Following his address to Congress, Francis is scheduled to appear on the balcony of the Capitol’s West Front, above a crowd assembled on the lawn that is expected to number up to 50,000. The gathering will include guests invited by members of Congress, as well as students from D.C. Catholic schools.
So far in his American journey, the pope has made clear that the church’s opposition to abortion will remain unbending. His comments on other controversial issues have been broad enough to encourage those who seek reforms, without indicating that any doctrinal change is actually in the works.
In Cuba, to the disappointment of some opponents of the Castro regime, the pope did not meet with dissidents. And in Washington Wednesday, his first comments on the church’s sexual abuse scandal upset some advocates for victims of clergy sexual abuse, because he praised U.S. bishops for their “courage” in confronting the problem. Pope Francis also labeled the acts of abuse as “crimes,” which drew praise from many in the church.

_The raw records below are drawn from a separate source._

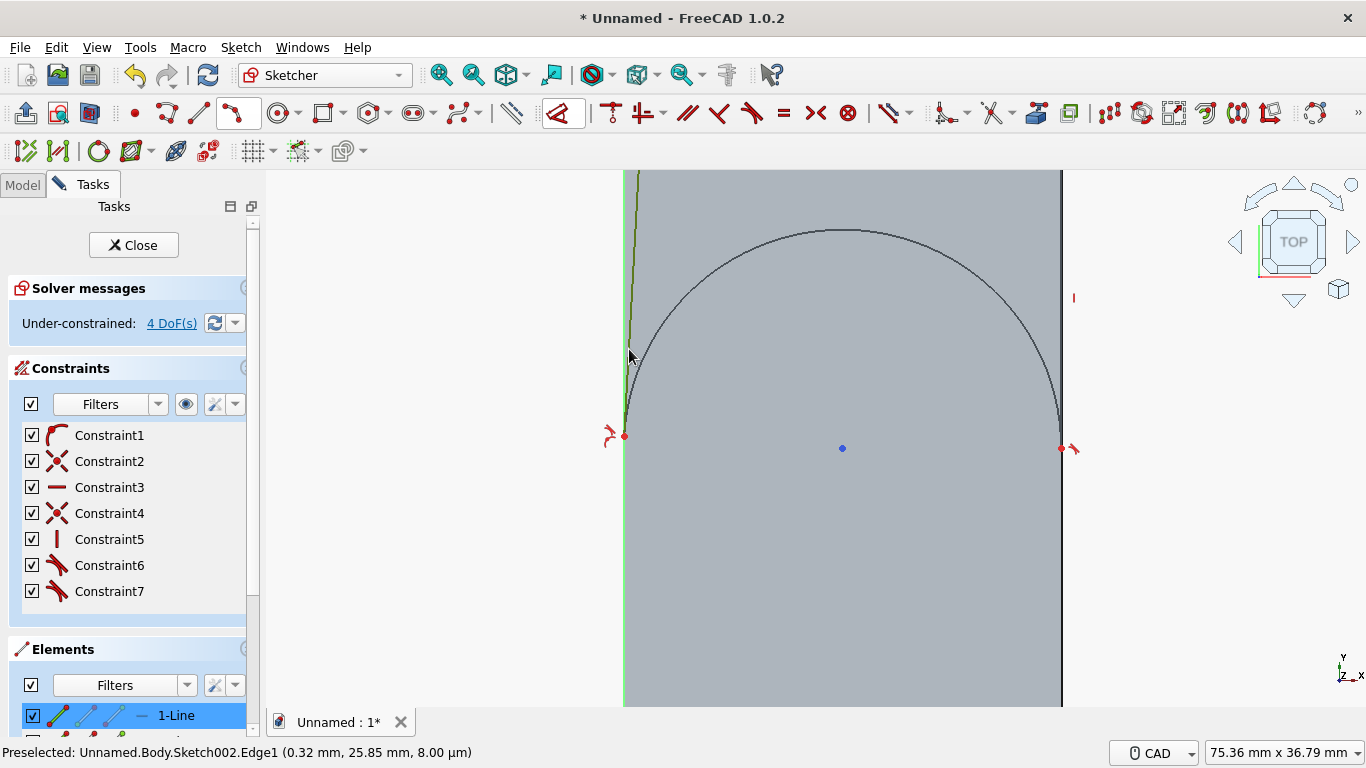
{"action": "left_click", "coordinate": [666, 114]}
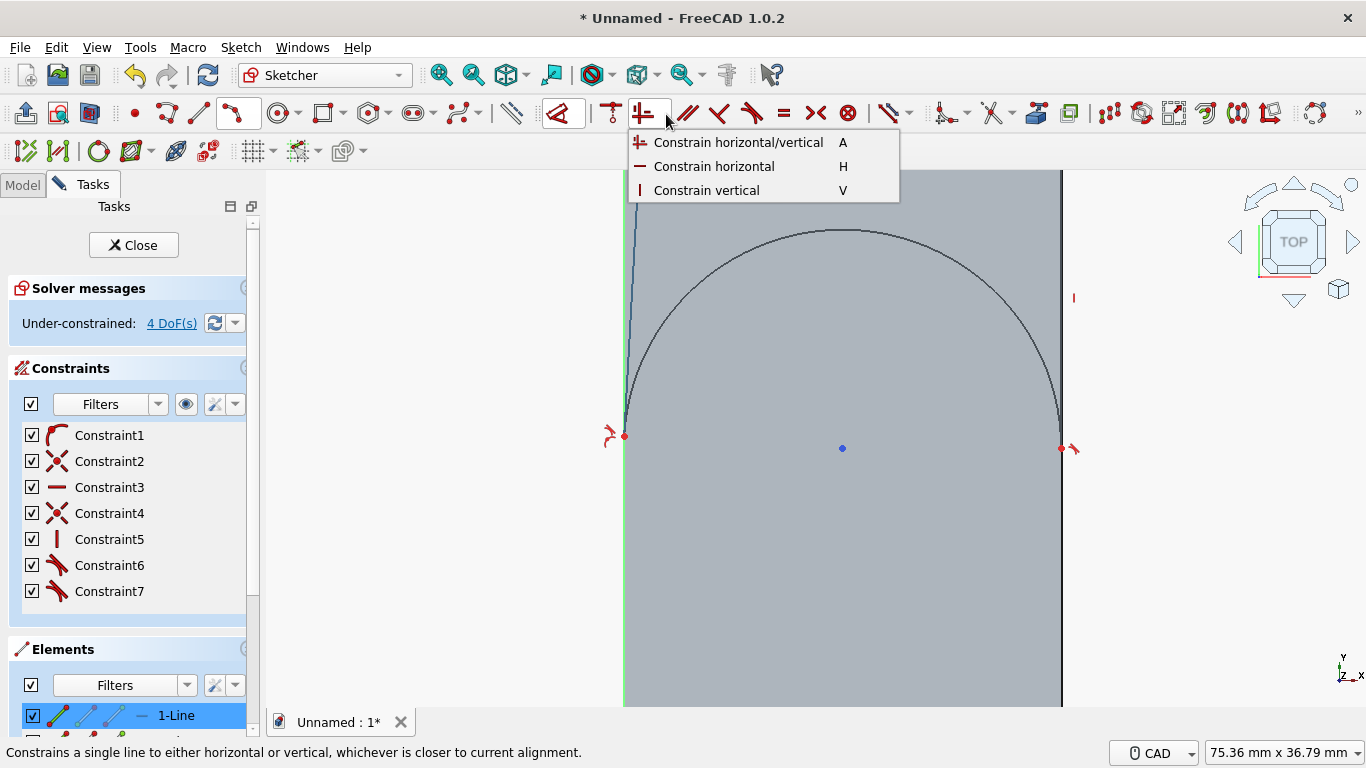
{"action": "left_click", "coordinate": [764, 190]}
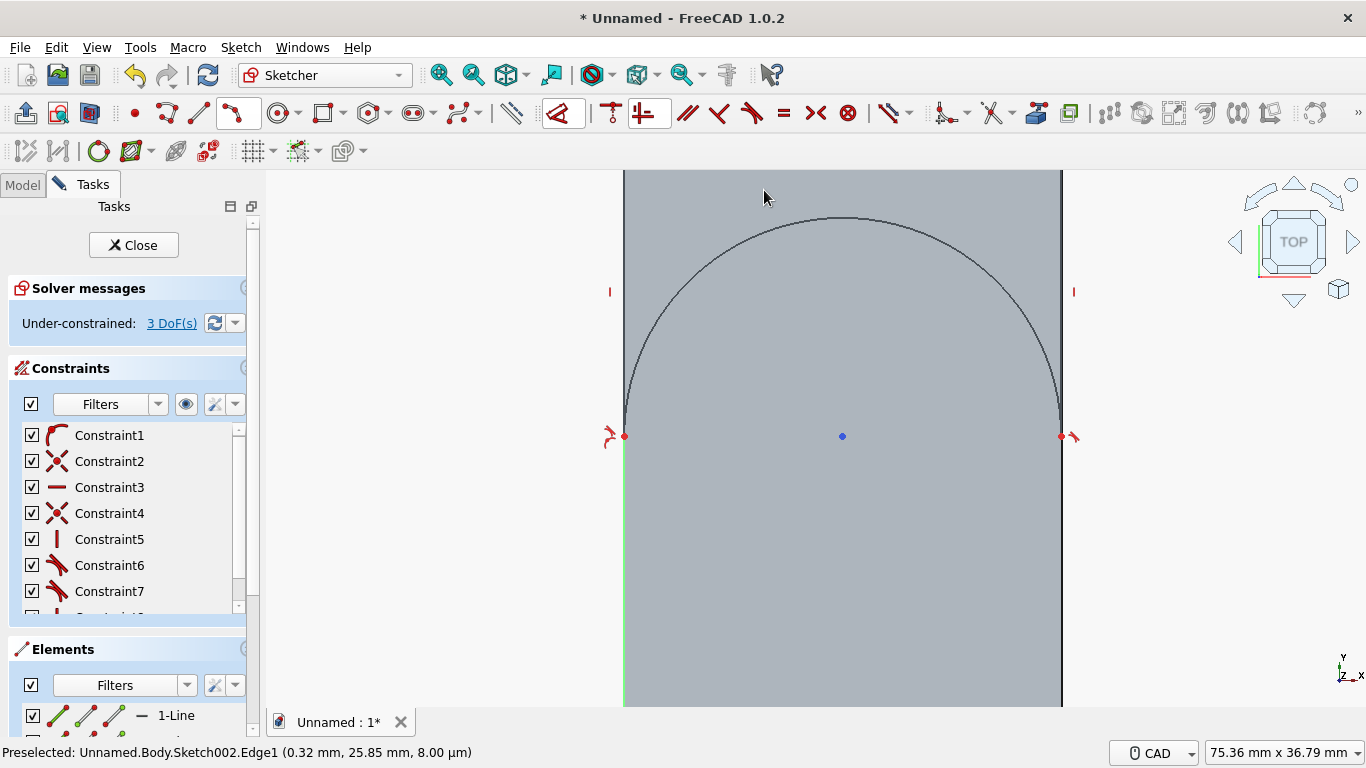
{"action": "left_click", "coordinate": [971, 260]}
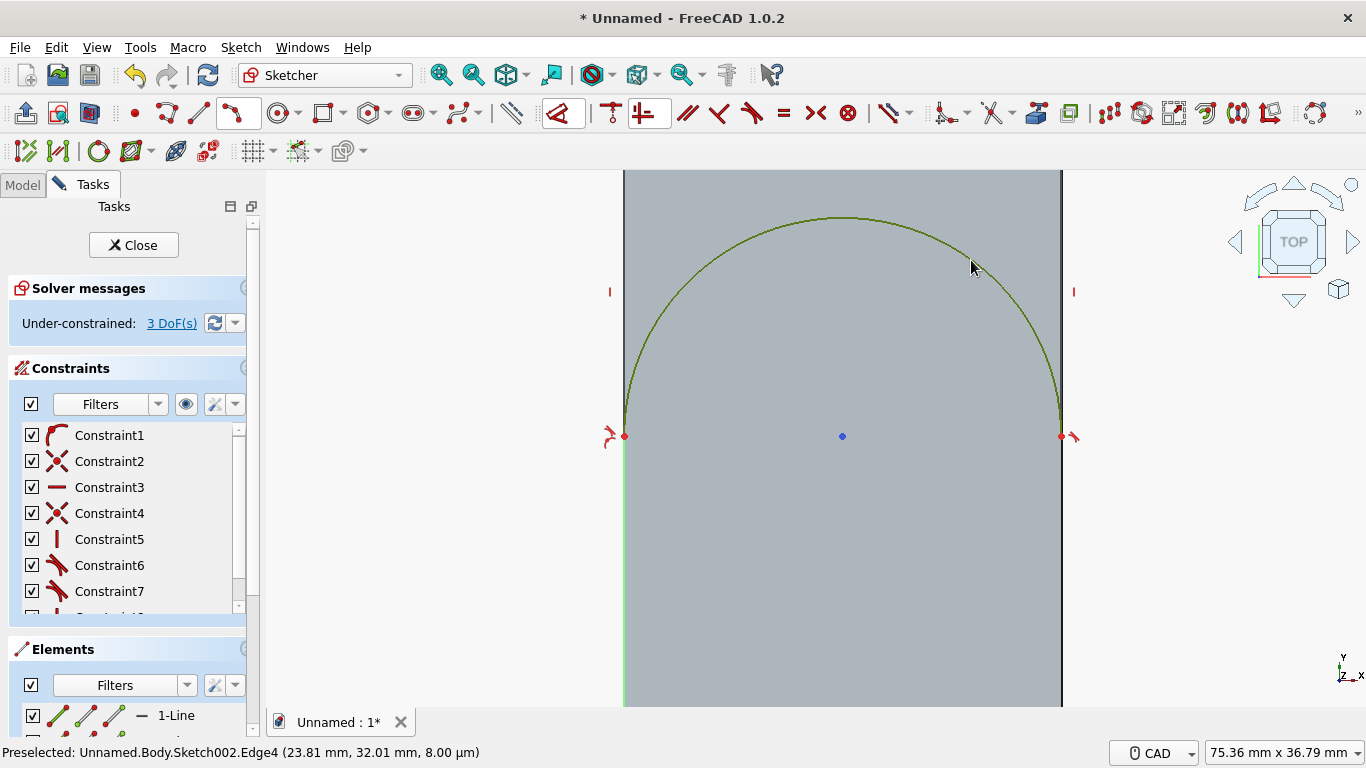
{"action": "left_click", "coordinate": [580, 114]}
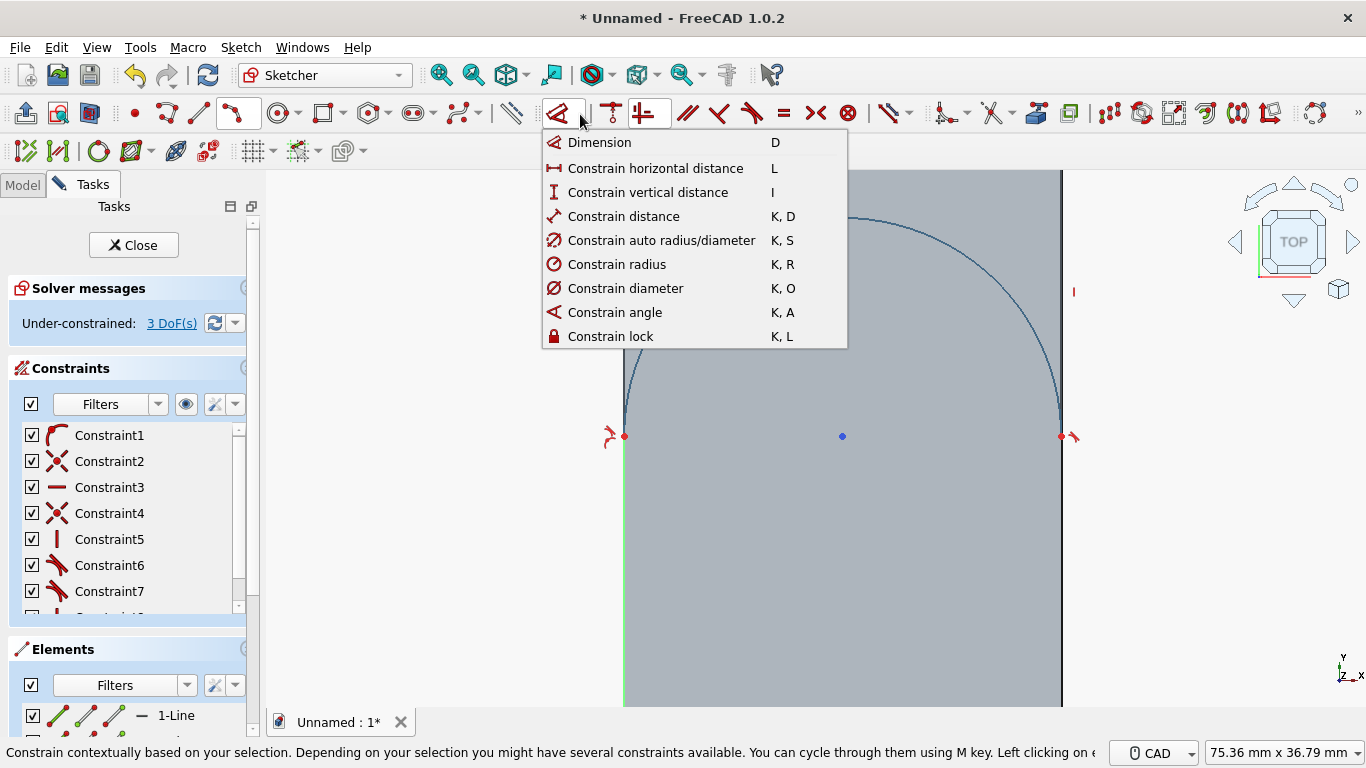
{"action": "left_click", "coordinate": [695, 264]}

In keeping with a trip designed to showcase this pope’s focus on the poor, immigrants and the disenfranchised, Francis will go directly from Capitol Hill to the downtown headquarters of Catholic Charities, where he will attend a lunch for about 300 people who take part in St. Maria’s Meals, a weekly lunch for the homeless, the mentally ill, abused women and new immigrants.
Late in the afternoon, Francis is scheduled to leave Washington, flying to New York, where he will end his day with evening services at St. Patrick’s Cathedral on Fifth Avenue. His U.S. journey continues through Sunday, ending in Philadelphia.